He reaches up, touches her hand, her fingers form a web over his face. He covers it.

"Never, Connie. Never."

His eyes focus upwards.

-

He used to pat her on the head when she was a child. She didn't always like it.

She bit him once. There was no blood.

-

A week before her engagement someone punched him in the face.

His nose is still straight.

-

He watches her cook, one hand with the spoon and the other on her hip as she stirs something on the stove.

"You didn't have to start it, then."

"What?"

She snaps her fingers in his face. "Lucy. You think I don't know? You think everybody doesn't know?"

"What do you want with Lucy?"

"Oh, I don't want anything with Lucy. It's you who wanted something with Lucy. I'm only asking why you have to start things on my wedding day."

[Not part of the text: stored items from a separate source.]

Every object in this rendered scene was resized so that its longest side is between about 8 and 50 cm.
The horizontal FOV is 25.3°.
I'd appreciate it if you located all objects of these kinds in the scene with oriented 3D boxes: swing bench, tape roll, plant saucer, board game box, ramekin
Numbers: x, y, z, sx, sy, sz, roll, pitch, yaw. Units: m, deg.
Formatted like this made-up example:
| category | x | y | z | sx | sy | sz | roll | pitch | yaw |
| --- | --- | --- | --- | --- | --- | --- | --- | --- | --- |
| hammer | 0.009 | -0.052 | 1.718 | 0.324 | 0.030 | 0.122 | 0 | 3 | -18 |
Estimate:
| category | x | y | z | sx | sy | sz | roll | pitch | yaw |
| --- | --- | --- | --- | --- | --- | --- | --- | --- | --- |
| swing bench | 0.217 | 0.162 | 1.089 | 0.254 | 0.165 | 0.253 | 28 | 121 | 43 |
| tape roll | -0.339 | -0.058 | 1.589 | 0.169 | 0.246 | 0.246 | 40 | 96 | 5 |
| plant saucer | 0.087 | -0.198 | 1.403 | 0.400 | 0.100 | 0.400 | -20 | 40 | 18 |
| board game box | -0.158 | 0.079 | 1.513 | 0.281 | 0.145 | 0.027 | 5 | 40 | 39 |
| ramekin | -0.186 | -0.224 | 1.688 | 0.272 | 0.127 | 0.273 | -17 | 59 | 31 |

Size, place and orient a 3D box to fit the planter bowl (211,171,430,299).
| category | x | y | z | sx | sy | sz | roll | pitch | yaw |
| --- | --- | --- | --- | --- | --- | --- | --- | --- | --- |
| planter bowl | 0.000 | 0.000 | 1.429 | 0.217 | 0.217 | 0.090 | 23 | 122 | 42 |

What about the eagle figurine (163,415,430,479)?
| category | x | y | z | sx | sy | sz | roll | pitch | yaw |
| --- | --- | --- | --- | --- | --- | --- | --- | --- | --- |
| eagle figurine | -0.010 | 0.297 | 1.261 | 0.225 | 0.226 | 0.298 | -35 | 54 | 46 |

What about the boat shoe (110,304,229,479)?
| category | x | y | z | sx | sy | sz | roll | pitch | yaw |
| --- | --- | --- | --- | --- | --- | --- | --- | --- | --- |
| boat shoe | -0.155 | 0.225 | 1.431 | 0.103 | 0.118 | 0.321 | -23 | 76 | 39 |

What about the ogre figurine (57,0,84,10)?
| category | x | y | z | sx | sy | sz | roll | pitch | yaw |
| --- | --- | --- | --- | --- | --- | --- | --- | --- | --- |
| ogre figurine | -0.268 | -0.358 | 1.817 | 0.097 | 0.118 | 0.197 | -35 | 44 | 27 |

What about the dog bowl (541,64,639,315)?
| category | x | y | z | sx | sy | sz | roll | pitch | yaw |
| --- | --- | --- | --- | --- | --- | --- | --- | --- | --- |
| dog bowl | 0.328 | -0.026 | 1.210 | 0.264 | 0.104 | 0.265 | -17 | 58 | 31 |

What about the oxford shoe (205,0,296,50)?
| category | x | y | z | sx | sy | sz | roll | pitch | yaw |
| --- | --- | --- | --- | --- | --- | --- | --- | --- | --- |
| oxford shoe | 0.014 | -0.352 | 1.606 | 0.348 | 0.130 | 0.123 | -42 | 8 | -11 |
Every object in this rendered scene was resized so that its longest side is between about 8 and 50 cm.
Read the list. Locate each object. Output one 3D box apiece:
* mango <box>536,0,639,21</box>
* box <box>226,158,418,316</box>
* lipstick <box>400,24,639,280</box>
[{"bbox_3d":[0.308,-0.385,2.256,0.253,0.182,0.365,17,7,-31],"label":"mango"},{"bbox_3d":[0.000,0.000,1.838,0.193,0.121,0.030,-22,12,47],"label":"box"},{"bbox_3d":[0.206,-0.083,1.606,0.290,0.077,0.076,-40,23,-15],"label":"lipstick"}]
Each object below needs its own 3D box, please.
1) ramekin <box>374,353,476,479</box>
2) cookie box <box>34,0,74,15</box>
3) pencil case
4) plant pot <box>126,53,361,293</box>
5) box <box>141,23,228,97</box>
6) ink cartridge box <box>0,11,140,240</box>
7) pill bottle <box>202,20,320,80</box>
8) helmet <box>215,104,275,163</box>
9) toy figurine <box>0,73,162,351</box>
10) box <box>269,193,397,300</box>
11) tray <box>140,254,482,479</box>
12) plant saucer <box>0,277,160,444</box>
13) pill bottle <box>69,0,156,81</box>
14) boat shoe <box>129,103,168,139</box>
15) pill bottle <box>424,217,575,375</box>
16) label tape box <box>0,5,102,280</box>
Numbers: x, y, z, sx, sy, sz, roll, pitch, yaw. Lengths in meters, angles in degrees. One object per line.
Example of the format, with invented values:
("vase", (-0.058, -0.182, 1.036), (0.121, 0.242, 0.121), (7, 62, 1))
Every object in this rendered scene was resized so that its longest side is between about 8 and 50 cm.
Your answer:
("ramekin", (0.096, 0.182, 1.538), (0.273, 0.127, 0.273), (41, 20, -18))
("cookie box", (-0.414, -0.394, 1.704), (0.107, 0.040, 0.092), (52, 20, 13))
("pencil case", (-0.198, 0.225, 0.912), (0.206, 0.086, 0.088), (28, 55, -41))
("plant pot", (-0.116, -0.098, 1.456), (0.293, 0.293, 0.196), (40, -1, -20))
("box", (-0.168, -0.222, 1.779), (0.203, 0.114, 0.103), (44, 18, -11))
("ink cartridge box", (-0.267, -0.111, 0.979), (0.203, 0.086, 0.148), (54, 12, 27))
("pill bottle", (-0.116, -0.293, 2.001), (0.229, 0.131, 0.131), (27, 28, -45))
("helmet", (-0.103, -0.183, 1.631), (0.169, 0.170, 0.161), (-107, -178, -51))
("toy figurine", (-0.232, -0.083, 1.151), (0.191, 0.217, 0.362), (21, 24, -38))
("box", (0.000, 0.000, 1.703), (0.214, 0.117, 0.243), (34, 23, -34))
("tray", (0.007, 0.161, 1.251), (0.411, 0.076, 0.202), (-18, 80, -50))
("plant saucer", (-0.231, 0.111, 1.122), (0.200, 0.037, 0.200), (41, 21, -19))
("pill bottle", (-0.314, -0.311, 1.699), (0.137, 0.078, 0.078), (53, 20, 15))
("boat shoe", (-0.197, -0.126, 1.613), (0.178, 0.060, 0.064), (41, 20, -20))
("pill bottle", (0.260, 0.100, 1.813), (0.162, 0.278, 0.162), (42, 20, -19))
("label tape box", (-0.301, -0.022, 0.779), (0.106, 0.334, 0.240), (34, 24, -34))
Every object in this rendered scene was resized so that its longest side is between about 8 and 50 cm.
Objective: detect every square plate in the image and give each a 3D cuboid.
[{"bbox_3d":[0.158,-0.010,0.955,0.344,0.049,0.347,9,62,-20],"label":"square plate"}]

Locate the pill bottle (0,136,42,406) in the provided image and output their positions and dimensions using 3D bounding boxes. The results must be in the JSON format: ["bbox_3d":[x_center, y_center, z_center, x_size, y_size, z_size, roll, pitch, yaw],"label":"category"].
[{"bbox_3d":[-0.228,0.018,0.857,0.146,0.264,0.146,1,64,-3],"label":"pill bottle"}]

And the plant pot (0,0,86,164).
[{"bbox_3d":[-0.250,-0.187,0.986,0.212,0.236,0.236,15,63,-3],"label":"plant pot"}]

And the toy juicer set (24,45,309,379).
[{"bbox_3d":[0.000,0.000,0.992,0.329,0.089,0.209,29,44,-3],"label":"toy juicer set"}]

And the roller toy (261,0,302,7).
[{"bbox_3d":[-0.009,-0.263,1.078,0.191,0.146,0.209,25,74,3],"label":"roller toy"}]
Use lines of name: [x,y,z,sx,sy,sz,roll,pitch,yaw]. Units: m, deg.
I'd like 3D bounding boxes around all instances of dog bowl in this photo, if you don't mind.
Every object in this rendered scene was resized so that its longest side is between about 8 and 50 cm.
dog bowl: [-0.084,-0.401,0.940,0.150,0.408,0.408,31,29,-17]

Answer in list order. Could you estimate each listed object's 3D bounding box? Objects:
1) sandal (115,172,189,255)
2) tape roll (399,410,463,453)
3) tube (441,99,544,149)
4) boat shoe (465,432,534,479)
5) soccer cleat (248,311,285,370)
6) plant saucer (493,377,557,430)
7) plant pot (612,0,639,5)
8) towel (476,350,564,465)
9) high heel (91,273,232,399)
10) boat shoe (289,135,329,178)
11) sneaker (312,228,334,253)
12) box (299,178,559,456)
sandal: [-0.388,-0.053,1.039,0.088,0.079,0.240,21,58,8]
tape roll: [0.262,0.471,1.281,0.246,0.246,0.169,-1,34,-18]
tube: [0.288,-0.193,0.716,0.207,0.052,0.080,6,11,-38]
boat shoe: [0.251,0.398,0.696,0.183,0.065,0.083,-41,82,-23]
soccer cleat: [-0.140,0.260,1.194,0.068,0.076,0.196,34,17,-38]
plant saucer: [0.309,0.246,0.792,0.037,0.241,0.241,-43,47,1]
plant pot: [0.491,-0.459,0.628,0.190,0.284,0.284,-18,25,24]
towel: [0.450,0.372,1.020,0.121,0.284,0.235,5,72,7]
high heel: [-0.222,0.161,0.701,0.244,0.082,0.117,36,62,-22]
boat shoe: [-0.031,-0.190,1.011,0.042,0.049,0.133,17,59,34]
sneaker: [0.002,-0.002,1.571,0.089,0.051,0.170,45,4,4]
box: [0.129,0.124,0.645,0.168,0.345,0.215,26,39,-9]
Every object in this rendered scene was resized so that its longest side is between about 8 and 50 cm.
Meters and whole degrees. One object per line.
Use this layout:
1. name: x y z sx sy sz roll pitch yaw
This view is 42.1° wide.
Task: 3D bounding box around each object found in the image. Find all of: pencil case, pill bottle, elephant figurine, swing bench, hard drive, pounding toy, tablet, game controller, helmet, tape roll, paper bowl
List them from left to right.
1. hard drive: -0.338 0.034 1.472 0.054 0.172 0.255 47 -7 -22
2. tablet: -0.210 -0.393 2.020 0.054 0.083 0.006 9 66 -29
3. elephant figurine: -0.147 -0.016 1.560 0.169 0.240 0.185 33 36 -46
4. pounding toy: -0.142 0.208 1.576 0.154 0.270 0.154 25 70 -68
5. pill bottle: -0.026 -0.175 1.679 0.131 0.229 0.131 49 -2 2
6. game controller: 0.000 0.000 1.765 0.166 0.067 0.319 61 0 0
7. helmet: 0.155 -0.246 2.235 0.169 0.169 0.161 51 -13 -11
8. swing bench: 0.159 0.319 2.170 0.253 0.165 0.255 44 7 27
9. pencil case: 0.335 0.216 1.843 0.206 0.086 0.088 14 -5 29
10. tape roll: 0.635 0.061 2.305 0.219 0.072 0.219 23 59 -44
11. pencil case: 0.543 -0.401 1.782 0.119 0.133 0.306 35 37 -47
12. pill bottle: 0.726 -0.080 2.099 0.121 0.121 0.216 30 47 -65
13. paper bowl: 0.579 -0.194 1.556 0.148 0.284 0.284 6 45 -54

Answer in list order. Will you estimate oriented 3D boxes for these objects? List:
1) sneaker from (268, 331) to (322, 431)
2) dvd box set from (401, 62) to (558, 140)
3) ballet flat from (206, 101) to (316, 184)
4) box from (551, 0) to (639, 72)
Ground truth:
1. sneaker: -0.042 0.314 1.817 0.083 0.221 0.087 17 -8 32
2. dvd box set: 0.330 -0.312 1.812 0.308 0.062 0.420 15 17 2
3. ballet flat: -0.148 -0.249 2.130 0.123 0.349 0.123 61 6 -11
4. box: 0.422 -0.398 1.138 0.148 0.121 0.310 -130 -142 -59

Sonny opens his lips, blows smoke out. He shrugs.

"It was a day of good faith, Santino. And there you go and ruin it."

She picks up the hot dish and pushes past him to the dining room. The door opens to laughter and wine.

He is alone in the cold kitchen.

-

She and Carlo had waited till the honeymoon. A sick twist on the tradition, you could say. They were neither of them virgins.

He was heavy on top of her and the sex was long, quiet.

She didn't come.

-

Marriage suited her for the first few months. She and Carlo, they didn't go away anywhere, they didn't need to.

The fighting started a year in. They didn't stop being happy.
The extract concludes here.